Editorial Vignovin - Août

 

La sécheresse dans les vignes se double de vagues de chaleur

Une canicule dès le mois de juin, ce fut du jamais vu de mémoire de météorologue. La vague de chaleur ajoutée à la sécheresse a impacté le vignoble notamment dans le grand Sud-Est.  La question de la mise en place nouvelles pratiques culturales ne fait plus aucun doute.

Du jamais vu depuis que les statistiques de la météo existent. Le pays a souffert d’une canicule dès la fin juin suivi d’une seconde vague en juillet. Le premier épisode fut particulièrement violent sur une bande partant de la plaine du Roussillon jusqu’aux rives gardoises du Rhône. Le pic de température du 29 juin, proche des 45 degrés Celsius, a provoqué des brûlures sur le feuillage des vignes. Pour le seul département du Gard, le phénomène a touché 2 500 hectares. La vallée du Rhône a été moins impactée par la chaleur, même si, par endroit, 20 % du vignoble a été touché.

Questionnement de la production

« Cette situation nouvelle provoque deux types de réactions chez les producteurs, relève Martina Widmer, œnologue chez Visavis, une société de conseils qui accompagne des domaines tant sur la viticulture que la vinification en culture traditionnelle, bio et biodynamie. D’une part, l’évidence du réchauffement climatique ne fait plus débat dans la profession. D’autre part, le manque de retour d’expérience sur des phénomènes nouveaux provoque de l’inquiétude ».

Feuillage brûlé

Cette œnologue apporte une première distinction entre la sécheresse et la chaleur. « La sècheresse, qui a touché aussi le Val de Loire, est récurrente depuis plusieurs années. Mais en juin 2019, s’est ajouté aux phénomènes de sècheresse, un épisode de chaleur beaucoup plus précoce que lors des dernières canicules. Les feuilles, encore très jeunes, étaient encore incapables de se défendre ». Conséquence : le feuillage brûle et tombe de la plante. Cette source d’énergie absente, la vigne se met en mode survie pour tenir jusqu’à l’année suivante et fait l’impasse sur sa reproduction d’où l’absence de raisin. Le feuillage protecteur du soleil disparu, les jeunes grains se dessèchent, voire chutent.

Travail de cave compliqué

La sécheresse provoque également les phénomènes similaires avec une réduction des cycles végétatifs, un flétrissement des raisins, une perte en jus et une augmentation importante du taux de sucre. « Conséquence, le taux d’alcool est plus important et l’acidité baisse, reprend Martina Widmer. Quant aux tanins, le manque de maturité amplifiera leur dureté. L’ensemble de l’équilibre général alcool, acidité, tanins s’en trouve affecté. Le phénomène touche plusieurs régions d’Europe, même la Suisse. Pour l’instant, nous sommes encore suspendus à l’arrivée de pluies qui peuvent changer la donne. Je pense que les vendanges seront, cette année encore, précoces ».

Récolte normale

Selon les Vignerons indépendants (7 000 producteurs), « la récolte 2019 devrait, malgré tout, être proche de la normale pour certains vignobles (Bordeaux, Champagne, Vallée du Rhône, Alsace) ou en retrait par rapport à 2018 pour d'autres régions viticoles comme le Languedoc-Roussillon ou certains vignobles de la Vallée de la Loire plus durement touchés par les aléas climatiques qui ont jalonné la saison ».
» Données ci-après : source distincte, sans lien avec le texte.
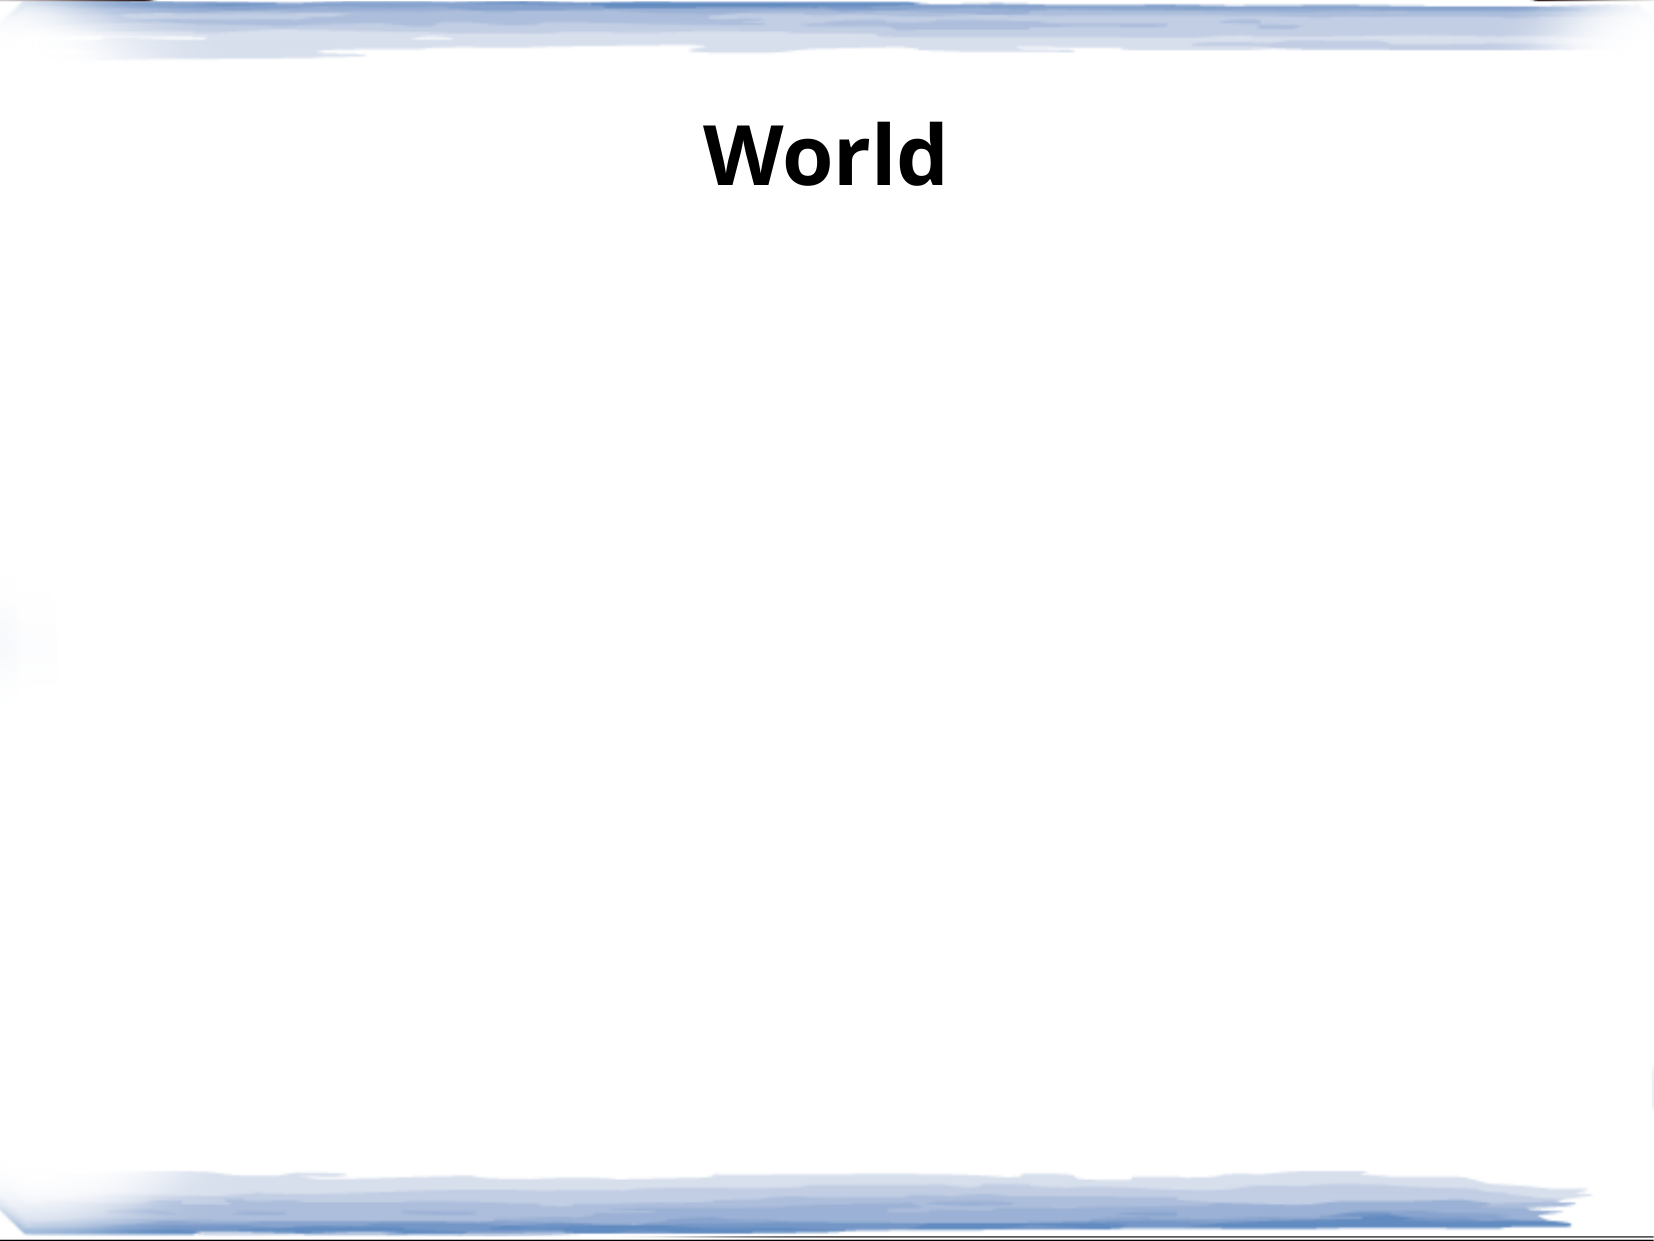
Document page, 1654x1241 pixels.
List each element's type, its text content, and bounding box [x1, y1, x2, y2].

picture [0, 0, 1654, 1241]
title World [82, 49, 1571, 257]
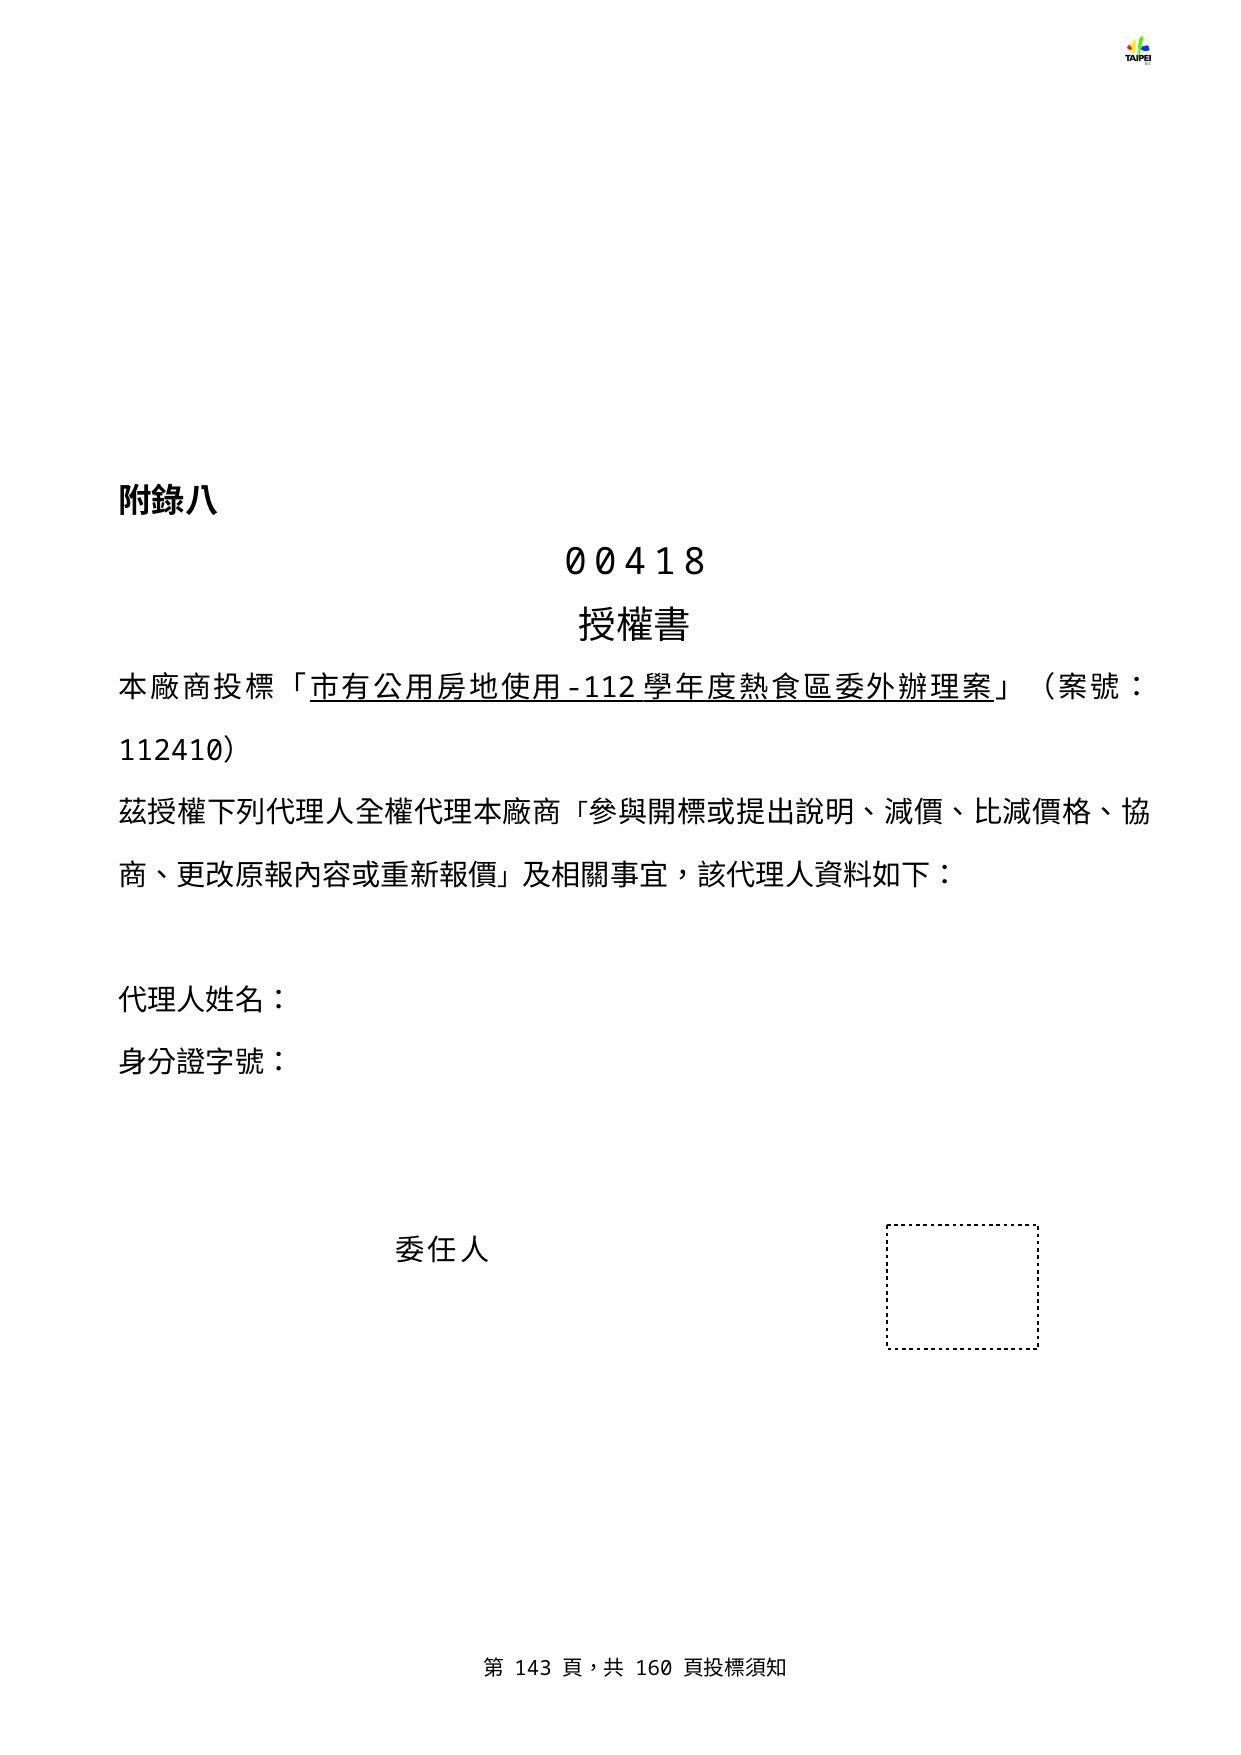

Nouvelles méthodes culturales

Une des solutions à long terme passe par l’irrigation. Vue l’étendue du vignoble, ce travail de Romains sera long et coûteux à mettre en place. « D’autres solutions séduisent les viticulteurs, reprend Martina Widmer comme la plantation d’arbres pour créer de l’ombre et de la fraicheur sur les ceps, le paillage pour conserver l’humidité, des herbes semées inter-rangs pour apporter de la matière organique sans réduire l’apport hydrique de la vigne. Nous pouvons aussi agir sur la quantité du feuillage pour optimiser la consommation d’eau de la plante ».

Face au réchauffement climatique, toutes les régions viticoles travaillent sur l’adoption de nouveaux cépages mieux adaptés. Mais l’INAO veille sur le respect de la typicité des vins. La filière doit relever des problématiques complexes et compliquées à la fois. Nous sommes bien loin des pratiques des années 70 où l’ajout de sucres avec la chaptalisation palliait le manque de maturité dû à la fraicheur de nos terroirs. Qu’une seule génération sépare les viticulteurs de cette époque. A la génération qui arrive de réinventer sa viticulture.